Are you aligning your company’s controls with the business to ensure that your company is not paying $3 million dollars to protect a $51K asset?

Of course, I think that majority of the people reading this blog post wouldn’t find the situation eluded to in the title of this blog post a dilemma. This is InfoSec 101 material. However,  I read an interesting blog post by Kevin Townsend at securityweek.com that makes you think about this building block InfoSec principle:

Over the course of the last week, it has become apparent that the City of Atlanta, Georgia, has paid out nearly $3 million dollars in contracts to help its recovery from a ransomware attack on March 22, 2018 — which (at the time of writing) is still without resolution.
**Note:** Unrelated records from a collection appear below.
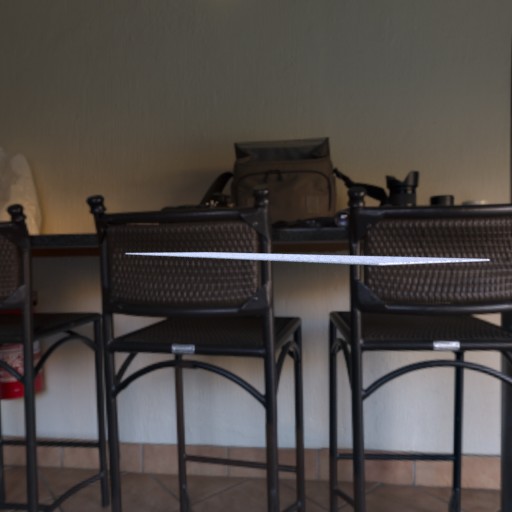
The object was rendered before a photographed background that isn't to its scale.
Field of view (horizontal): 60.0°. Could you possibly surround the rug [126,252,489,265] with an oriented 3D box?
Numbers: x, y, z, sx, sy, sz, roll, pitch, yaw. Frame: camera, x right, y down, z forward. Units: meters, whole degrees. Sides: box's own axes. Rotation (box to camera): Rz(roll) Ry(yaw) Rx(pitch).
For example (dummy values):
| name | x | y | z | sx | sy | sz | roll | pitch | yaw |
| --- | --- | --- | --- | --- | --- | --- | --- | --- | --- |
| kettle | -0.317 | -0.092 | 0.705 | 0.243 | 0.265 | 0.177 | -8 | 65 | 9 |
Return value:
| name | x | y | z | sx | sy | sz | roll | pitch | yaw |
| --- | --- | --- | --- | --- | --- | --- | --- | --- | --- |
| rug | 0.000 | 0.000 | 2.695 | 0.750 | 0.009 | 2.435 | -1 | 2 | -36 |
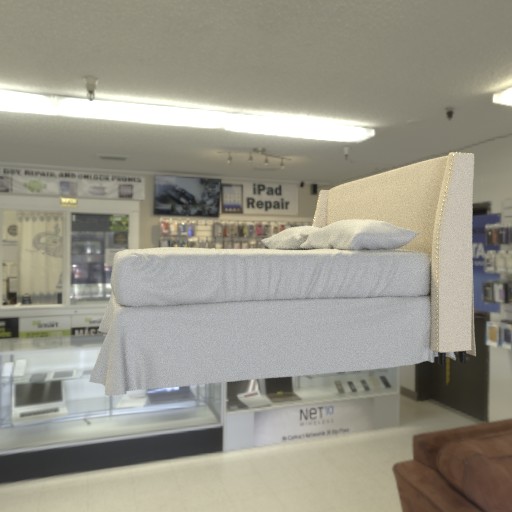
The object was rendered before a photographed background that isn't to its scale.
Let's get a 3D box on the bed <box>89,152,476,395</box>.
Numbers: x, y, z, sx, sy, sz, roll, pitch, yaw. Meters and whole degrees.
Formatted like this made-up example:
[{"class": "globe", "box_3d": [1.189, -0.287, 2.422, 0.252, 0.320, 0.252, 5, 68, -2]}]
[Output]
[{"class": "bed", "box_3d": [0.000, 0.000, 3.314, 2.276, 1.332, 1.925, 0, 1, -18]}]
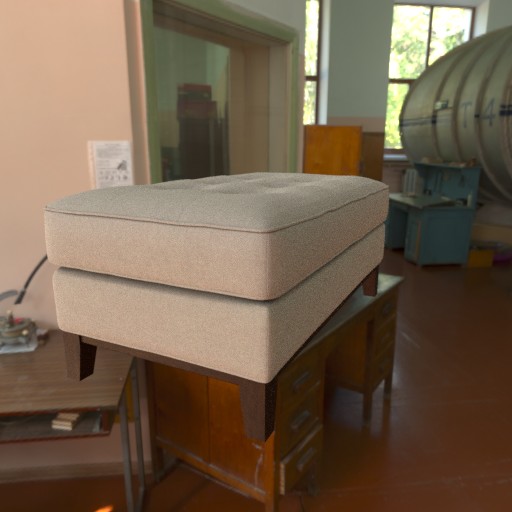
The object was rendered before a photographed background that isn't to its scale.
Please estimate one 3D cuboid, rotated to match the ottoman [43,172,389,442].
[{"bbox_3d":[0.000,0.000,1.480,0.648,0.508,1.143,7,16,26],"label":"ottoman"}]
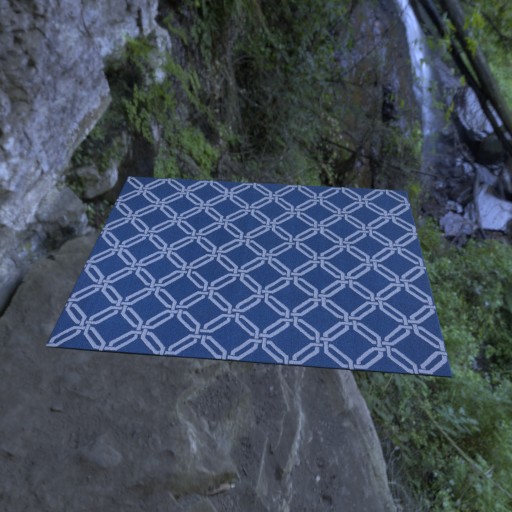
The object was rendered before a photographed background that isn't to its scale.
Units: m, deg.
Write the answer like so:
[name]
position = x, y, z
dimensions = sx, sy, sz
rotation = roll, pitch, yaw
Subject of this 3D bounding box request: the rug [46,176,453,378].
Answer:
[rug]
position = 0.000, 0.000, 4.463
dimensions = 3.342, 0.018, 2.432
rotation = 3, 46, 3
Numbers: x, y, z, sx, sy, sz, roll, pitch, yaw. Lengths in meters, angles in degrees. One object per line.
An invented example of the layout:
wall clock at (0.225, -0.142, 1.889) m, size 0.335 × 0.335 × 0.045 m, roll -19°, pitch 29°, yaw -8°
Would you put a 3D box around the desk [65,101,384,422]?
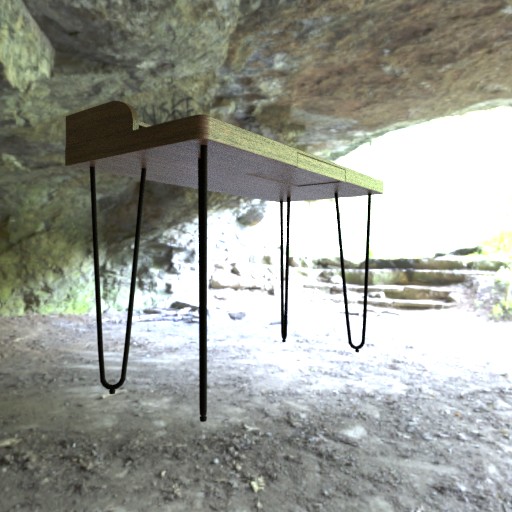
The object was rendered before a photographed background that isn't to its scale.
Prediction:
desk at (0.000, 0.000, 1.669) m, size 0.565 × 0.854 × 1.200 m, roll 0°, pitch 0°, yaw 36°
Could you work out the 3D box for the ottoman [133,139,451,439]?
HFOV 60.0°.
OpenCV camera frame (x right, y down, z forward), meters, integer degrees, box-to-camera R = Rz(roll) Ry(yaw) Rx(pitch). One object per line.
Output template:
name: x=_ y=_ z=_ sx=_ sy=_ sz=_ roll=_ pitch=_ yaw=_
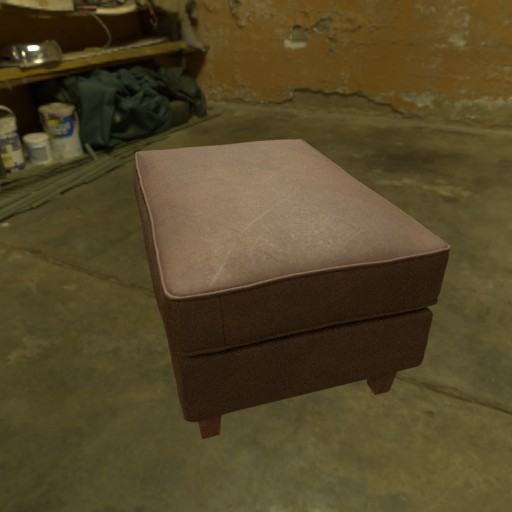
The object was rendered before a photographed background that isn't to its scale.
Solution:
ottoman: x=0.000 y=0.000 z=1.248 sx=0.596 sy=0.481 sz=0.860 roll=-9 pitch=32 yaw=-15
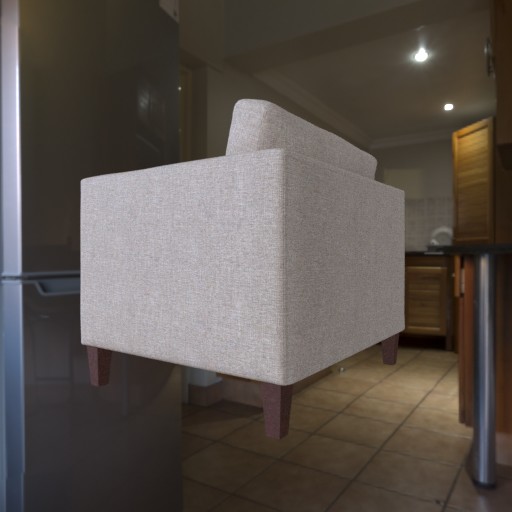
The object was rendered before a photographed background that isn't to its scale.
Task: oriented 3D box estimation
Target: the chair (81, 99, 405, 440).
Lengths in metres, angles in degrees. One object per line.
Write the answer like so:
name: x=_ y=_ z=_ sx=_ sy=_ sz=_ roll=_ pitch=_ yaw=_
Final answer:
chair: x=0.000 y=0.000 z=1.870 sx=0.959 sy=0.987 sz=1.107 roll=1 pitch=1 yaw=35
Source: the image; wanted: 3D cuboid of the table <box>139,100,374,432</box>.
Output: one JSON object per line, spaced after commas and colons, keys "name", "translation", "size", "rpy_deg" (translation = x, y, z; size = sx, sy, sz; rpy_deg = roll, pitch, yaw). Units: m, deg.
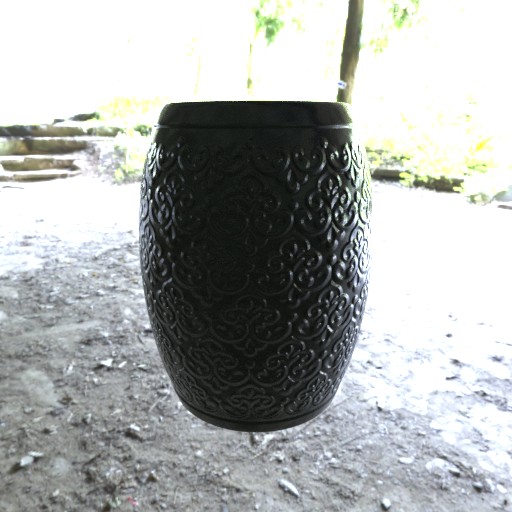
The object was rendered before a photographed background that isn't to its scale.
{"name": "table", "translation": [0.000, 0.000, 0.609], "size": [0.309, 0.397, 0.309], "rpy_deg": [0, 17, 0]}
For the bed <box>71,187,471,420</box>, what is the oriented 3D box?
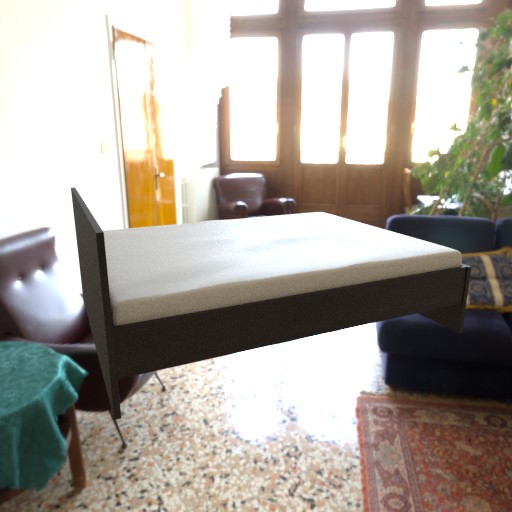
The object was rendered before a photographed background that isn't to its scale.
[{"bbox_3d":[0.000,0.000,2.893,2.073,0.823,1.585,-7,17,-24],"label":"bed"}]
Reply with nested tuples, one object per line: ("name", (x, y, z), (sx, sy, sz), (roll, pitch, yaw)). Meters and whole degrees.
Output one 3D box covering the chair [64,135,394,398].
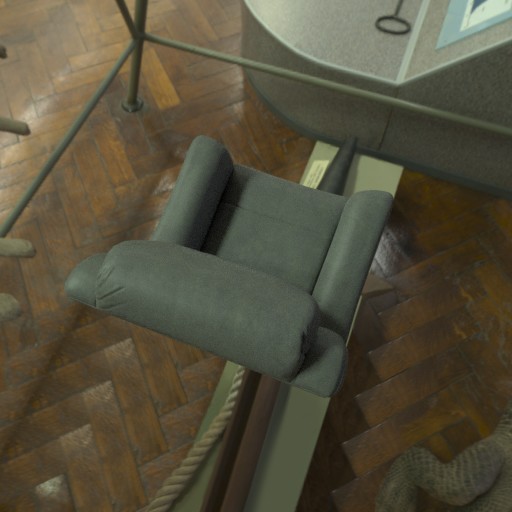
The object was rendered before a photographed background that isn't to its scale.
("chair", (0.000, 0.000, 1.886), (0.965, 1.116, 1.068), (19, 66, 9))
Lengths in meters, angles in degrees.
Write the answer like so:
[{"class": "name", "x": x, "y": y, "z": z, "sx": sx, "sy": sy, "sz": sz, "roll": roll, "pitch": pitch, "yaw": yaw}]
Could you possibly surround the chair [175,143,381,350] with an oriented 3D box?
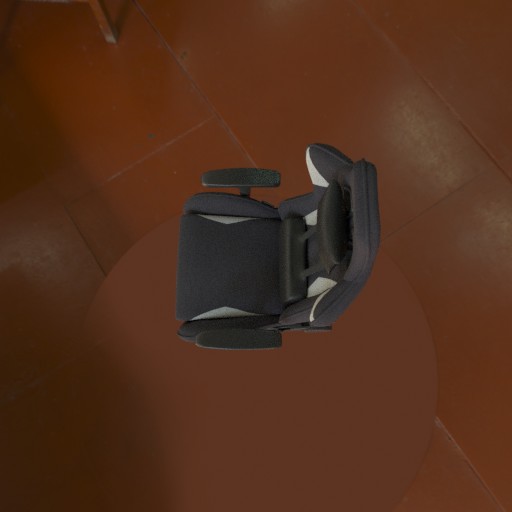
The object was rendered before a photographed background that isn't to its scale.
[{"class": "chair", "x": 0.000, "y": 0.000, "z": 1.752, "sx": 0.695, "sy": 1.300, "sz": 0.730, "roll": 0, "pitch": 76, "yaw": 0}]

Precise details on the Atlanta contracts are confused and confusing — but two consistent elements are that SecureWorks is being paid $650,000 for emergency incident response services, and Ernst & Young is being paid $600,000 for advisory services for cyber incident response. The total for all the contracts appears to total roughly $2.7 million. The eventual cost will likely be more, since it doesn’t include lost staff productivity nor the billings of a law firm reportedly charging Atlanta $485 per hour for partners, and $300 per hour for associates. The ransom demand was for around $51,000.

The ransomware used in the attack was SamSam. In February this year, SecureWorks published a report on SamSam and attributes it to a group it knows as Gold Lowell. Gold Lowell is unusual in its ransomware attacks since it typically compromises its victim networks in advance of encrypting any files. 

….

However, the few facts that are known raises a very complex ethical issue. Atlanta seems to have chosen to pay nearly $3 million of taxpayer money rather than just $51,000, possibly on a point of principle. That principle is supported by law enforcement agencies around the world who advise that ransoms should not be paid. In this case, the sheer disparity between the cost of the ransom and the ransomware restitution (more than 50-to-1 and growing), all of which must be paid with someone else’s money, makes it reasonable to question the decision.

 

Actions

  1. Have you decided what you will do during a ransom attack?  Do you have supporting procedures?
  2. Are you aligning your company’s controls with the business to ensure that your company is not paying $3 million dollars to protect a $51K asset (unless your company supports this time of wasteful behavior).